ClientEarth relied on two statutory duties owed by the directors to Shell – the duty to promote the success of the company under s172 and the duty to exercise reasonable care, skill and diligence under s174 of the CA 2006. ClientEarth argued that the directors also owed various “incidental duties” that arose when considering the climate risk faced by a company such as Shell. This included both “a duty to ensure that the strategies adopted to manage climate risk are reasonably in the control of both existing and future directors” and “a duty to adopt strategies which are reasonably likely to meet Shell’s targets to mitigate climate risk”.
The court identified this as a “subtle but important shift” in how ClientEarth was making its case at the oral hearing. Having initially maintained that the directors were always subject to these duties when making commercial decisions, ClientEarth argued that these duties arose logically once the directors had identified that their climate strategy was a commercial objective which promoted the success of Shell. The court should therefore be able to intervene and give directions as to how the board should implement that climate strategy.

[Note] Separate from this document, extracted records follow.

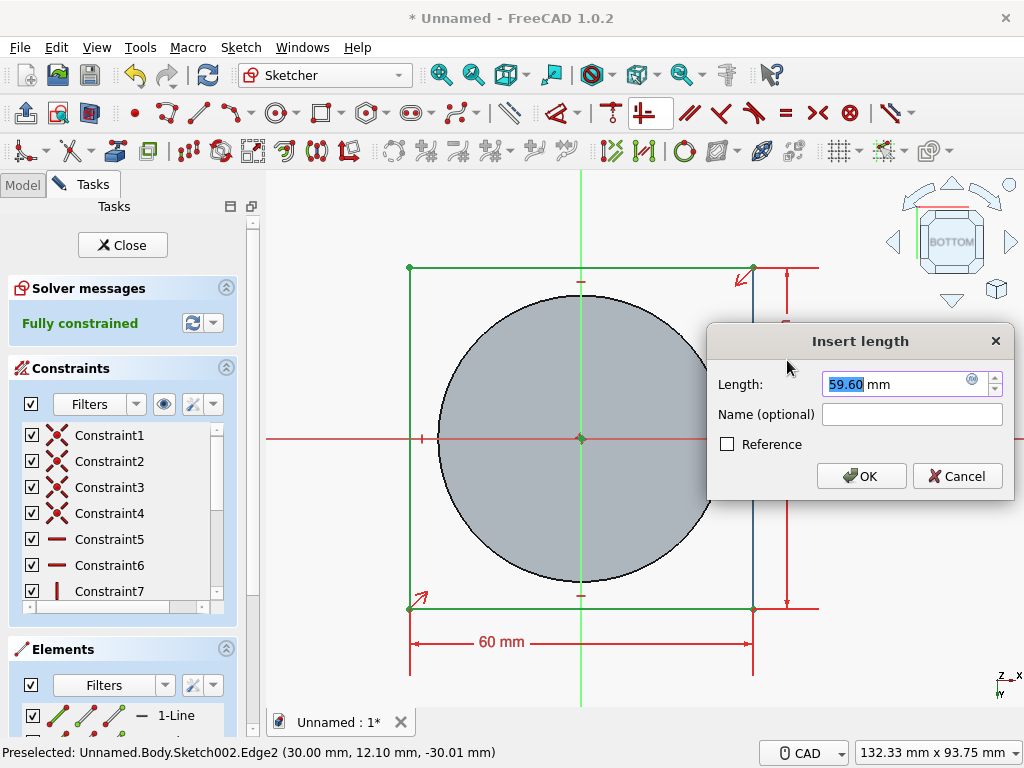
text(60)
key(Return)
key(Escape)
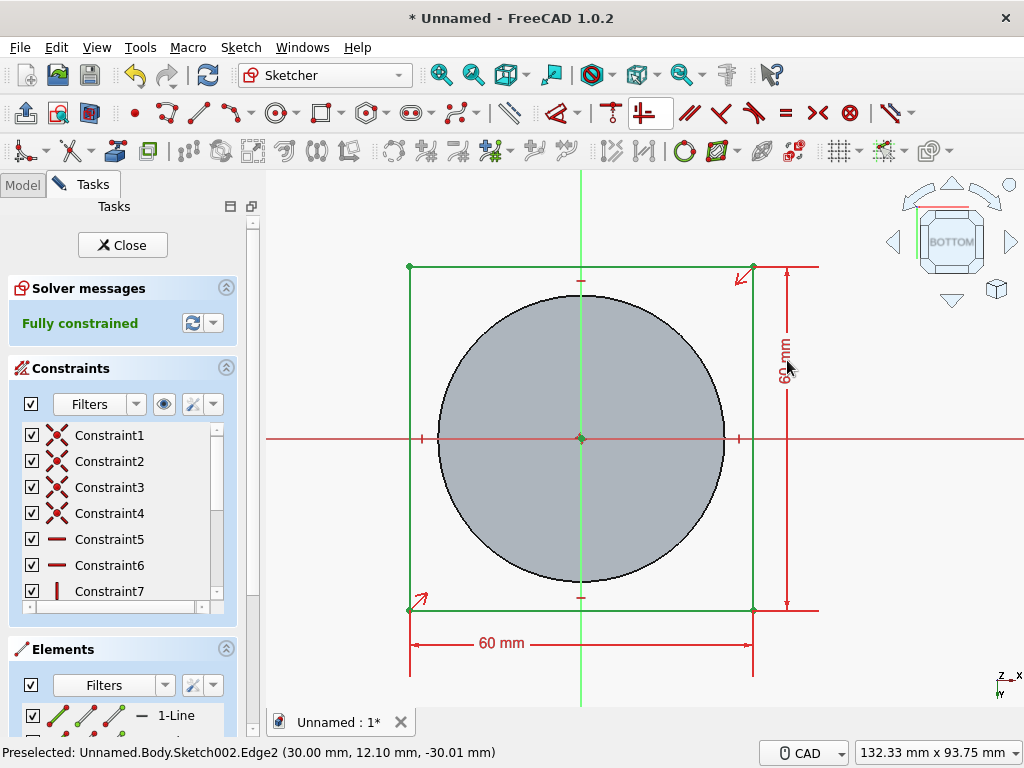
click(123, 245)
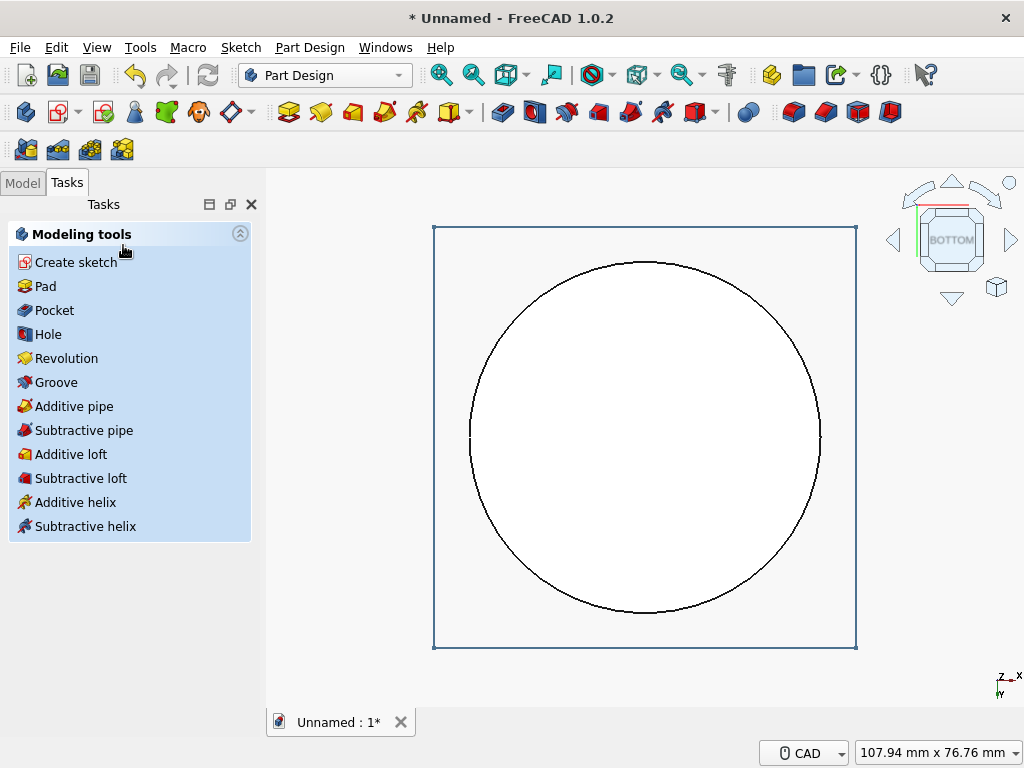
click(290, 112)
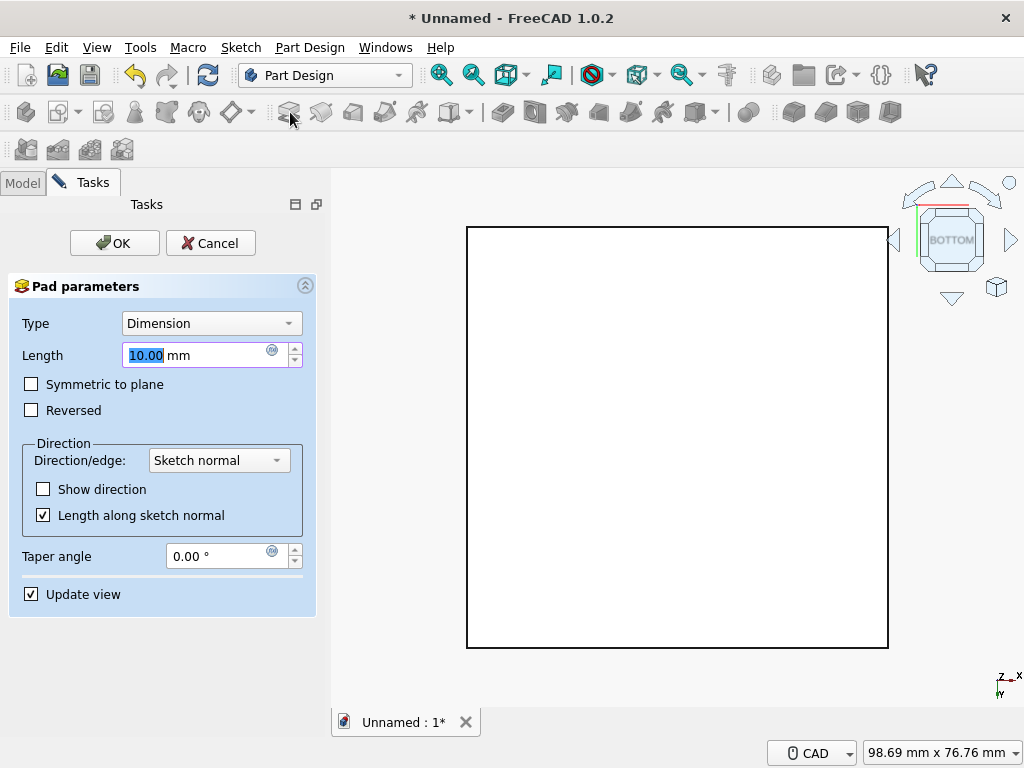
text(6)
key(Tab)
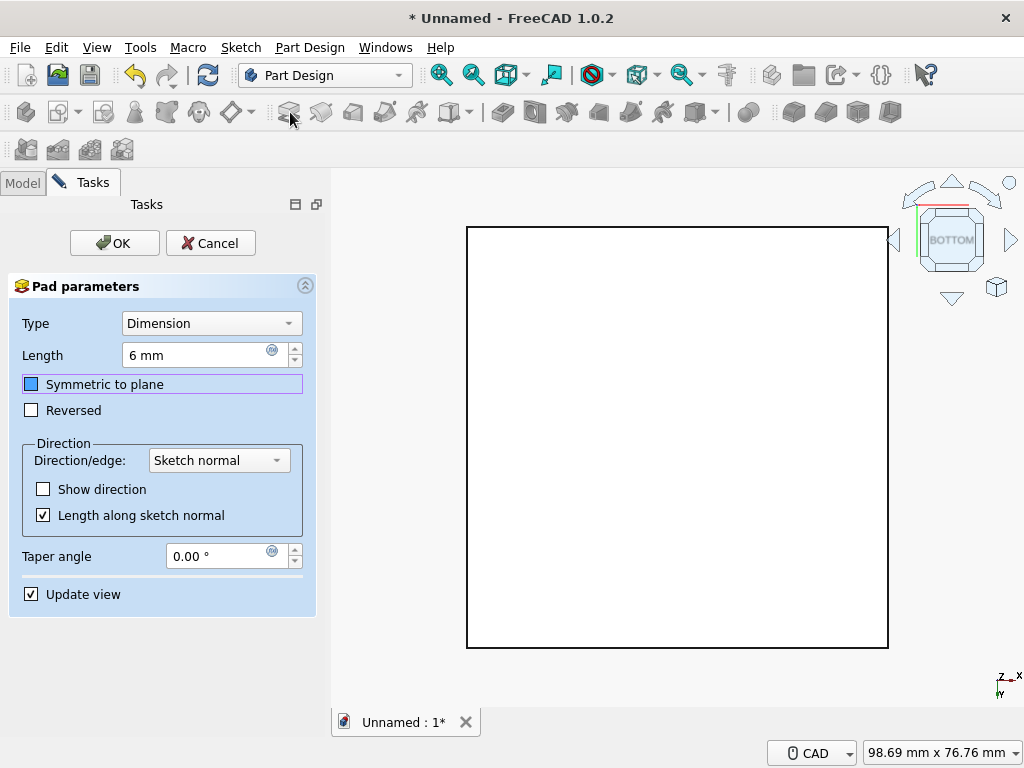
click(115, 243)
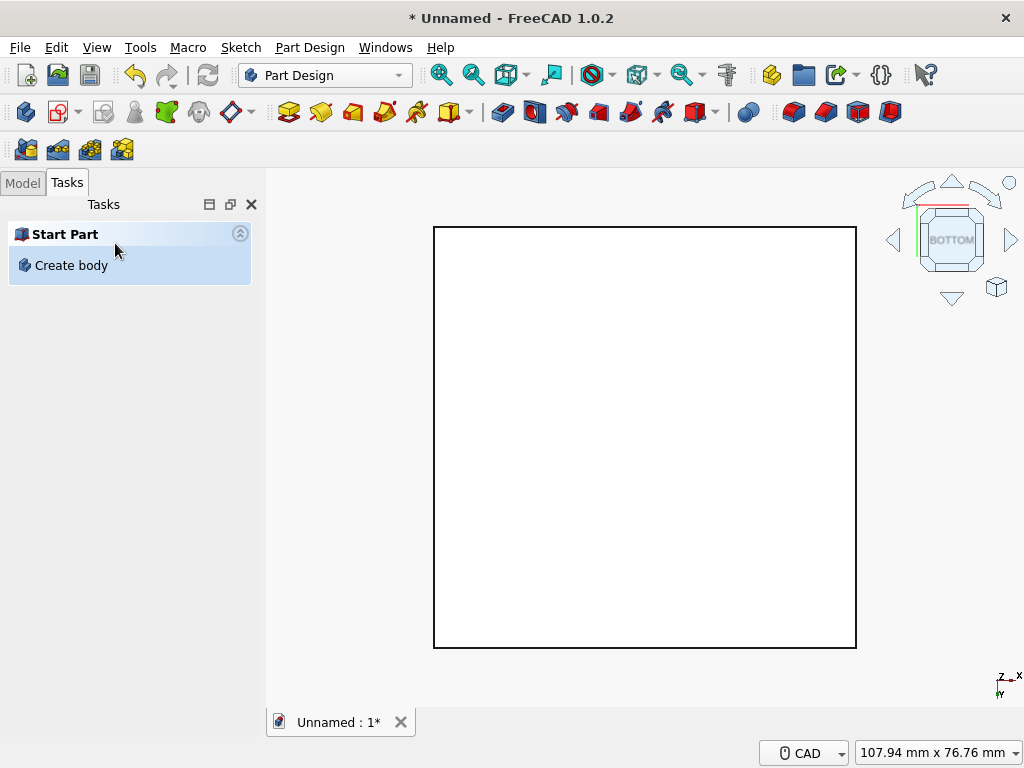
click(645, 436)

The court disagreed with this submission, finding that an attempt to impose specific obligations on directors in relation to climate change was “incompatible with the subjective nature of the duty under s172”. Mr Justice Trowers said this argument went against the “basic principle of company law that it is for the directors themselves to determine the weight to be attached to the non-exhaustive list of factors referred to in s.172”. To do otherwise was inconsistent with the well-established principle that it is for directors to determine (in good faith) how best to promote the success of a company for the benefit of its members as a whole. The question then, is whether a lack of good faith could be deduced from the nature of the decisions being made, the court needed to consider the test to be applied when determining whether there had been a breach of s172.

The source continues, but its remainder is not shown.